Speaking of starving, the Districts of Panem in Suzanne Collins’ trilogy turned film series are hungry for food and for hope. Neither of these things seem particularly forthcoming under the rule of the Capital and President Snow, played wonderfully in the movies by Donald Sutherland. Each year, two children from each District are chosen as Tributes and sent off to compete in The Hunger Games. They are expected to kill their rivals and be the last one standing. This lasts for far too many years until Katniss Everdeen (Jennifer Lawrence) arrives and breaks things. She never chose to be a revolutionary, but some things happen. Now, there are going to be those who say that Battle Royale was the best movie about teens killing each other for sport. Those people are missing the points that Collins is trying to make. I’ll get into that after the last movie comes out next year.

1984 (1984)


You can’t have a list about dystopias without talking about 1984. George Orwell’s classic novel and subsequent film adaptation is such an ingrained part of Western culture now. I mean, a 90’s pop band sang about it. Don’t believe me? Look up Real McCoy’s “Run Away.” In the news, we talk about the overreaching of the NSA and other security branches and refer to them as “Big Brother.” Where did that come from? 1984. It’s all about life under a totalitarian dictatorship that prizes conformity above all else. Anyone caught trying to step out of the mold? Well. Let’s just say that it’s not a good idea. It’s a thoughtcrime, if you will. The more disturbing thing is just how many similarities one can draw between Orwell’s fictional dystopia and the way society is heading today.

RoboCop (1987)


Now, as you guys might know, I’ve never seen RoboCop. I keep meaning to but, like Blade Runner (which would have been on this list if I’d managed to see it by now), I still haven’t seen it yet. That said, I have it on very good authority (Micah’s) that while the Detroit featured in this movie is in a pretty bad way, it is nowhere near as bad as how Detroit really turned out. I’m inclined to agree and this will nicely dovetail into my next point.

Here and Now


I try not to get political or anything on this site. Again, that’s not what I’m here to do. With that in mind, however, I think it would be wrong to not point out just how close we are to some of the worlds I’ve mentioned in this list. See, one of the aims of dystopian fiction is to put a darkened mirror up in front of us to see the parts of us we’d rather ignore. In the exaggeration of existing problems and repetition of some of humanity’s past mistakes, they’re attempting to teach us about ourselves and how we can do better and be better. What’s so frustrating is to see that potential for greatness disregarded and squashed.

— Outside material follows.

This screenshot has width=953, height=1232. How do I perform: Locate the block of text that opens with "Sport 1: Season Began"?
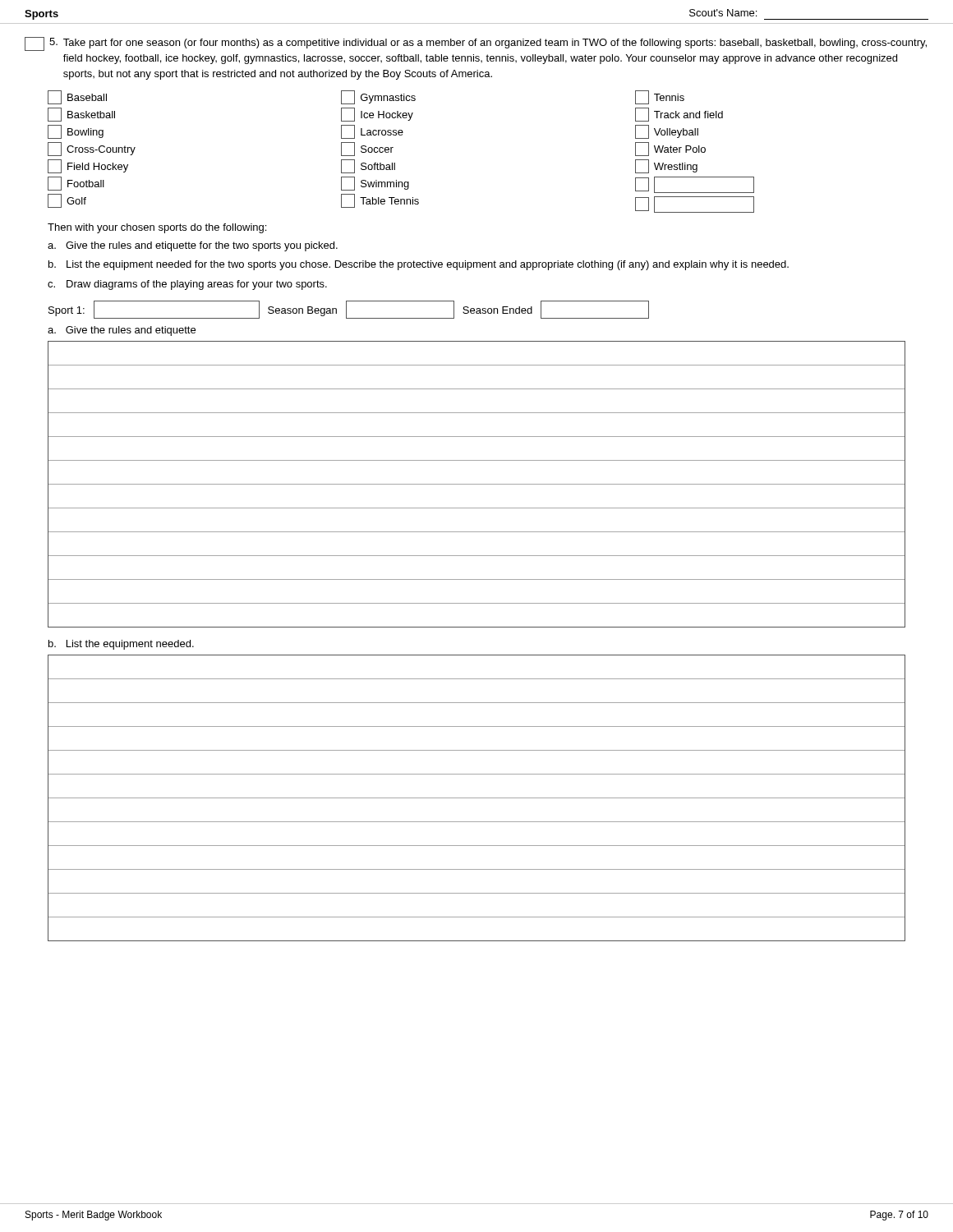[348, 310]

For every bit of progress we might make, it sometimes feels as though we’re just going backwards. We’ve got a planet that’s on its way to an uncertain future, a rising police state in America, and unrest in various parts of the globe. Even a cursory glance at the news some days is enough to drive one to despair. That’s why we need dystopias to remind us of how bad things could possibly get. Sure, it’s fiction, but those ideas have to come from somewhere. Humanity can do some terrible things, but these stories can also remind us that we are capable of so much more. It’s about time we started acting like it.